When you retype the data, keep every word exactly and include none of the pictures.
Start of MATERIAL FOR THIS EXERCISE
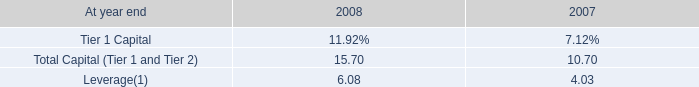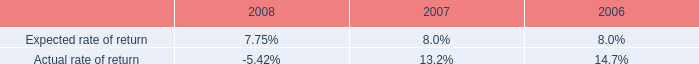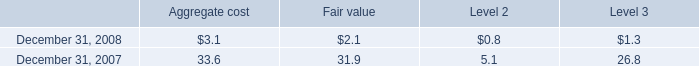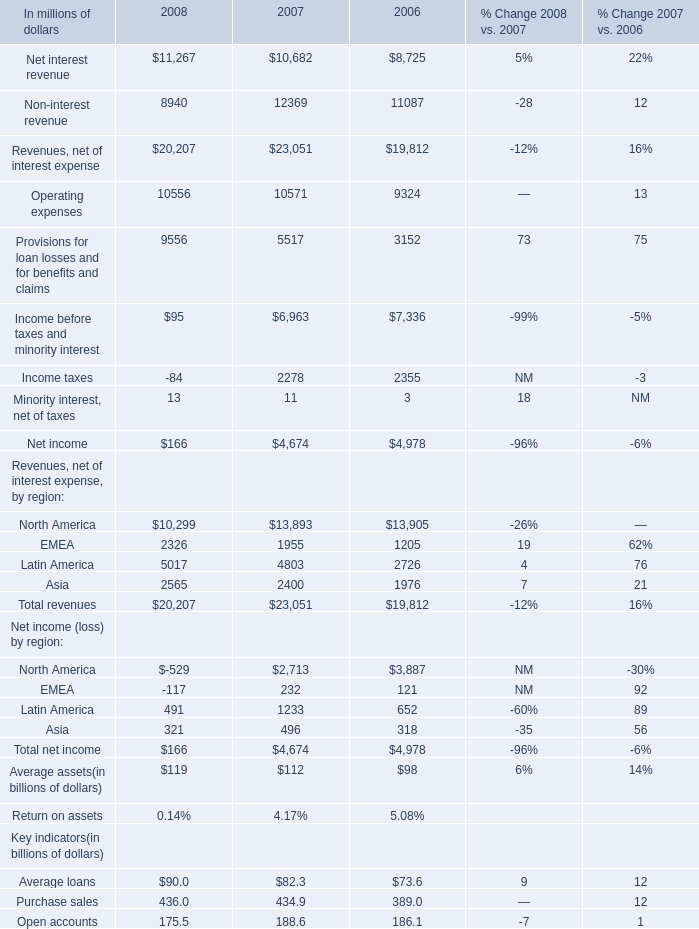what was the percentage discount given in the reset of convertible preferred stock issued in the private offering ? 
Computations: ((31.62 - 26.35) / 31.62)
Answer: 0.16667. 
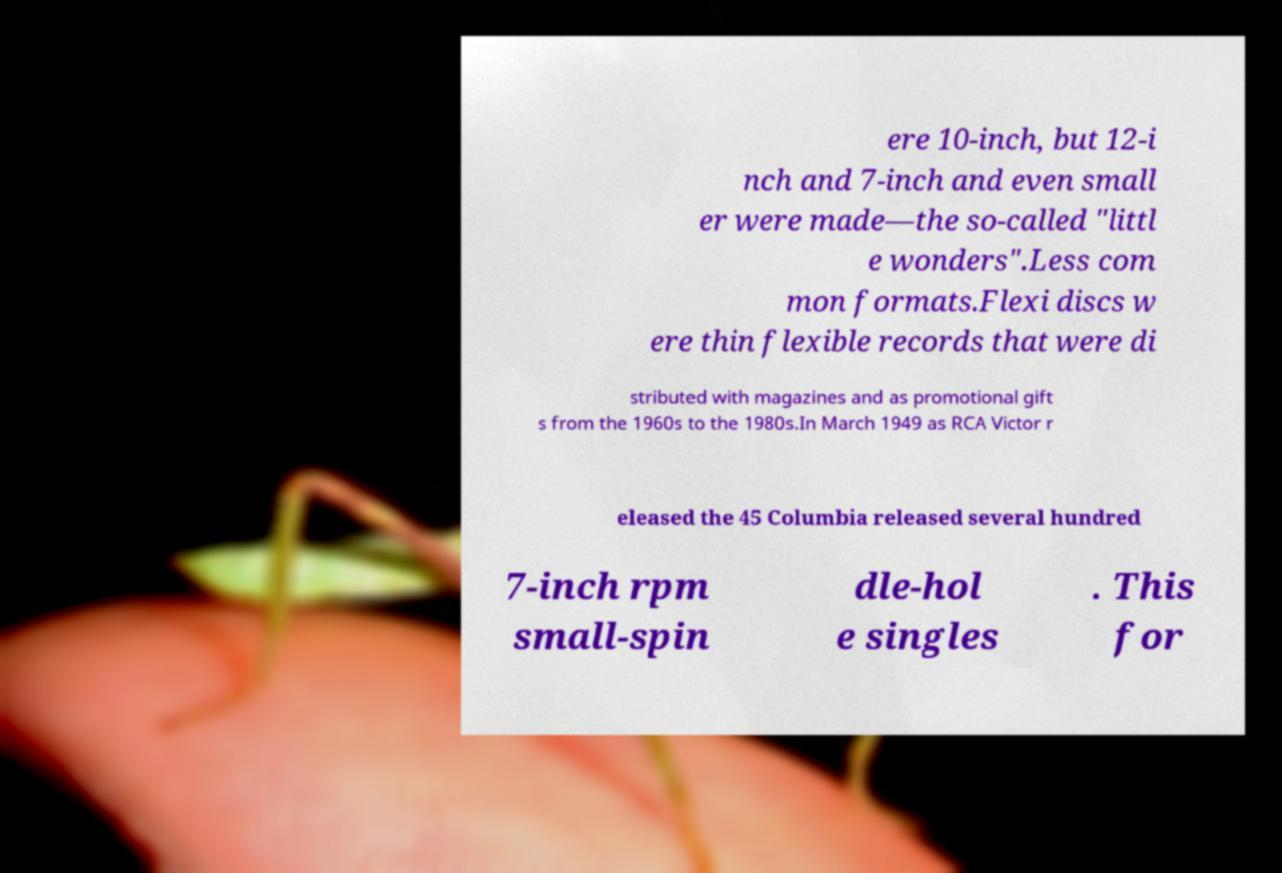I need the written content from this picture converted into text. Can you do that? ere 10-inch, but 12-i nch and 7-inch and even small er were made—the so-called "littl e wonders".Less com mon formats.Flexi discs w ere thin flexible records that were di stributed with magazines and as promotional gift s from the 1960s to the 1980s.In March 1949 as RCA Victor r eleased the 45 Columbia released several hundred 7-inch rpm small-spin dle-hol e singles . This for 
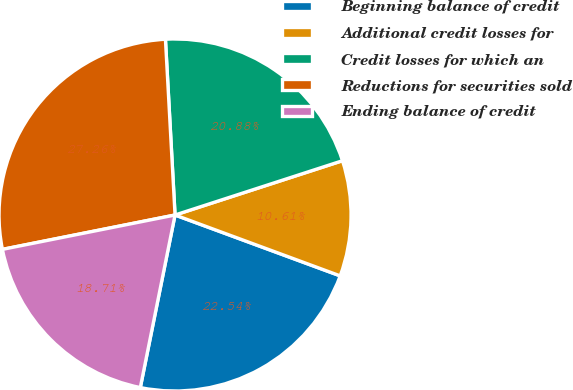Convert chart. <chart><loc_0><loc_0><loc_500><loc_500><pie_chart><fcel>Beginning balance of credit<fcel>Additional credit losses for<fcel>Credit losses for which an<fcel>Reductions for securities sold<fcel>Ending balance of credit<nl><fcel>22.54%<fcel>10.61%<fcel>20.88%<fcel>27.26%<fcel>18.71%<nl></chart> 
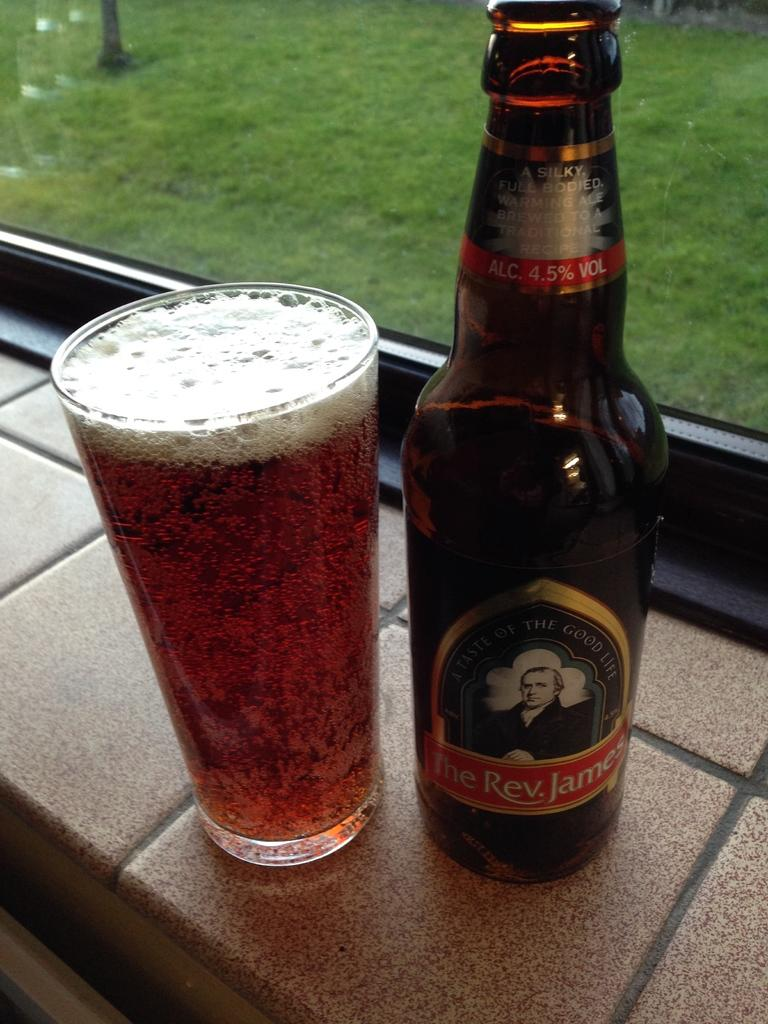<image>
Render a clear and concise summary of the photo. A glass of beer and a beer bottle of The Rev. James. 
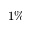<formula> <loc_0><loc_0><loc_500><loc_500>1 \%</formula> 
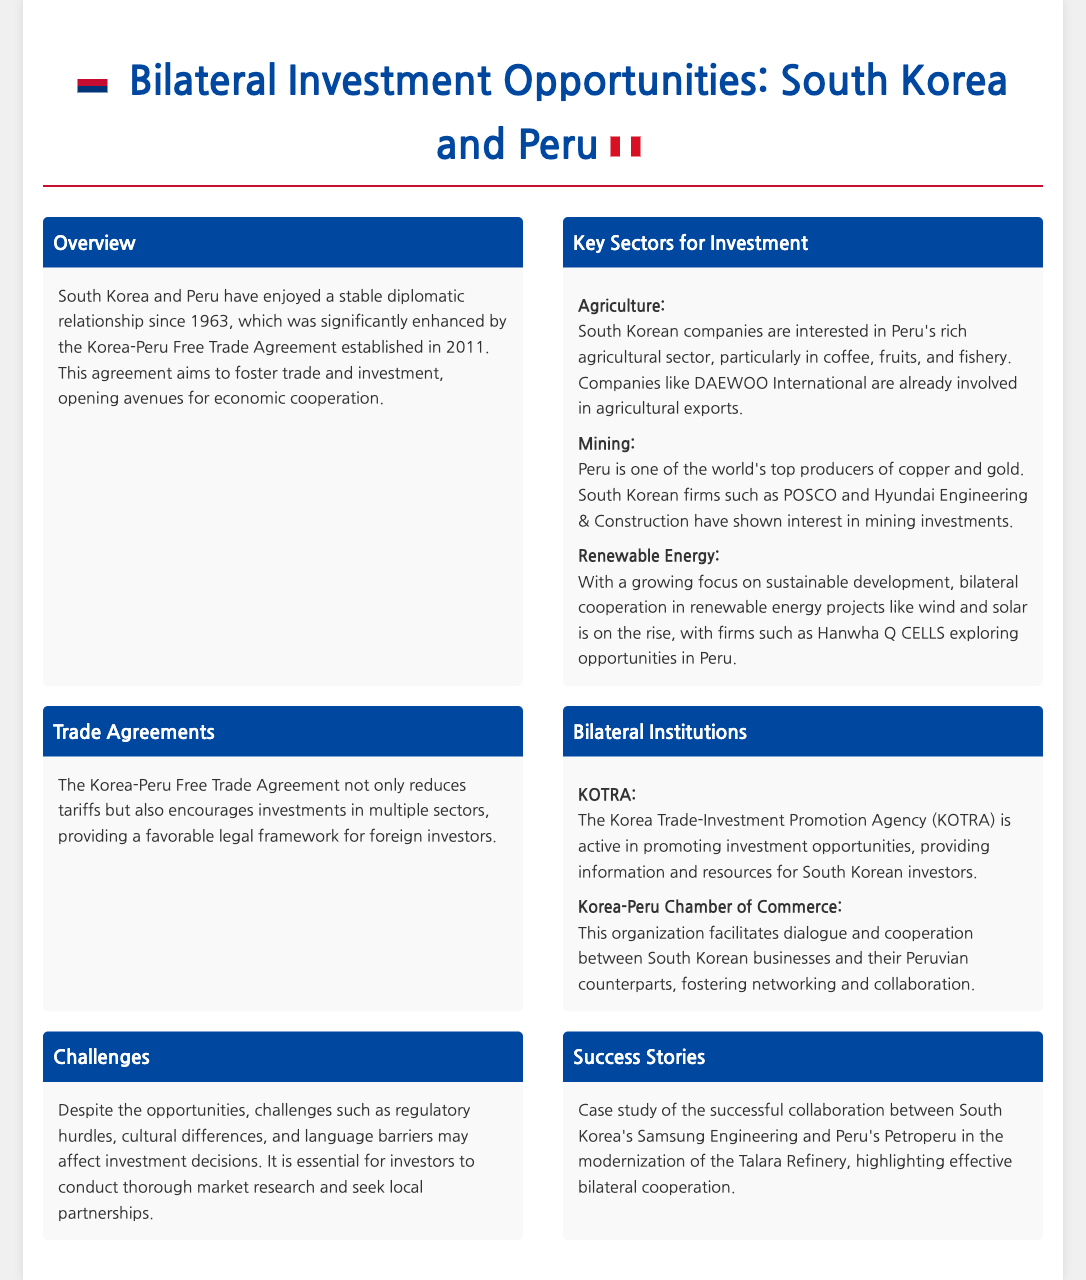What year was the Korea-Peru Free Trade Agreement established? The document states that the Korea-Peru Free Trade Agreement was established in 2011.
Answer: 2011 Which sector has South Korean companies shown interest in for agricultural investments? The document mentions that South Korean companies are particularly interested in coffee, fruits, and fishery in Peru's agricultural sector.
Answer: Coffee, fruits, and fishery What is the primary focus of the investment opportunities outlined in the document? The main focus of the investment opportunities discussed is the bilateral relations and cooperation between South Korea and Peru.
Answer: Bilateral relations and cooperation Name one South Korean firm interested in mining investments in Peru. The document lists POSCO and Hyundai Engineering & Construction as South Korean firms interested in mining investments in Peru.
Answer: POSCO What challenges are mentioned that may affect investment decisions? The document highlights regulatory hurdles, cultural differences, and language barriers as challenges affecting investment decisions.
Answer: Regulatory hurdles, cultural differences, language barriers Which institution is active in promoting investment opportunities for South Korean investors? The document states that the Korea Trade-Investment Promotion Agency (KOTRA) is active in promoting investment opportunities.
Answer: KOTRA What successful collaboration is highlighted in the success stories? The case study highlighted is the collaboration between South Korea's Samsung Engineering and Peru's Petroperu in the modernization of the Talara Refinery.
Answer: Samsung Engineering and Petroperu What does the Korea-Peru Free Trade Agreement reduce? The document specifies that the Korea-Peru Free Trade Agreement reduces tariffs.
Answer: Tariffs 
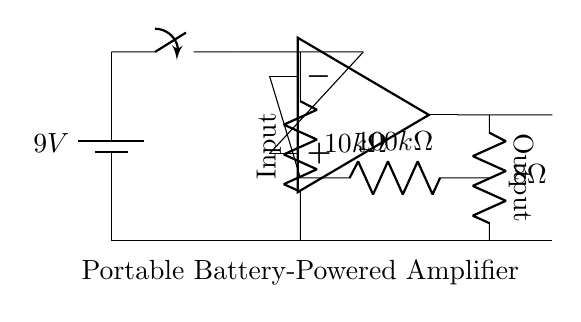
End of MATERIAL FOR THIS EXERCISE
> [RESULT OF THE TASK]:
what was the percentage discount given in the reset of convertible preferred stock issued in the private offering ? 
Computations: ((31.62 - 26.35) / 31.62)
Answer: 0.16667. 
I need the written content from this picture converted into text. Can you do that? ere 10-inch, but 12-i nch and 7-inch and even small er were made—the so-called "littl e wonders".Less com mon formats.Flexi discs w ere thin flexible records that were di stributed with magazines and as promotional gift s from the 1960s to the 1980s.In March 1949 as RCA Victor r eleased the 45 Columbia released several hundred 7-inch rpm small-spin dle-hol e singles . This for 
Convert chart. <chart><loc_0><loc_0><loc_500><loc_500><pie_chart><fcel>Beginning balance of credit<fcel>Additional credit losses for<fcel>Credit losses for which an<fcel>Reductions for securities sold<fcel>Ending balance of credit<nl><fcel>22.54%<fcel>10.61%<fcel>20.88%<fcel>27.26%<fcel>18.71%<nl></chart> 
<image>
Render a clear and concise summary of the photo. A glass of beer and a beer bottle of The Rev. James. 
<formula> <loc_0><loc_0><loc_500><loc_500>1 \%</formula> 
What year was the Korea-Peru Free Trade Agreement established? The document states that the Korea-Peru Free Trade Agreement was established in 2011.
Answer: 2011 Which sector has South Korean companies shown interest in for agricultural investments? The document mentions that South Korean companies are particularly interested in coffee, fruits, and fishery in Peru's agricultural sector.
Answer: Coffee, fruits, and fishery What is the primary focus of the investment opportunities outlined in the document? The main focus of the investment opportunities discussed is the bilateral relations and cooperation between South Korea and Peru.
Answer: Bilateral relations and cooperation Name one South Korean firm interested in mining investments in Peru. The document lists POSCO and Hyundai Engineering & Construction as South Korean firms interested in mining investments in Peru.
Answer: POSCO What challenges are mentioned that may affect investment decisions? The document highlights regulatory hurdles, cultural differences, and language barriers as challenges affecting investment decisions.
Answer: Regulatory hurdles, cultural differences, language barriers Which institution is active in promoting investment opportunities for South Korean investors? The document states that the Korea Trade-Investment Promotion Agency (KOTRA) is active in promoting investment opportunities.
Answer: KOTRA What successful collaboration is highlighted in the success stories? The case study highlighted is the collaboration between South Korea's Samsung Engineering and Peru's Petroperu in the modernization of the Talara Refinery.
Answer: Samsung Engineering and Petroperu What does the Korea-Peru Free Trade Agreement reduce? The document specifies that the Korea-Peru Free Trade Agreement reduces tariffs.
Answer: Tariffs 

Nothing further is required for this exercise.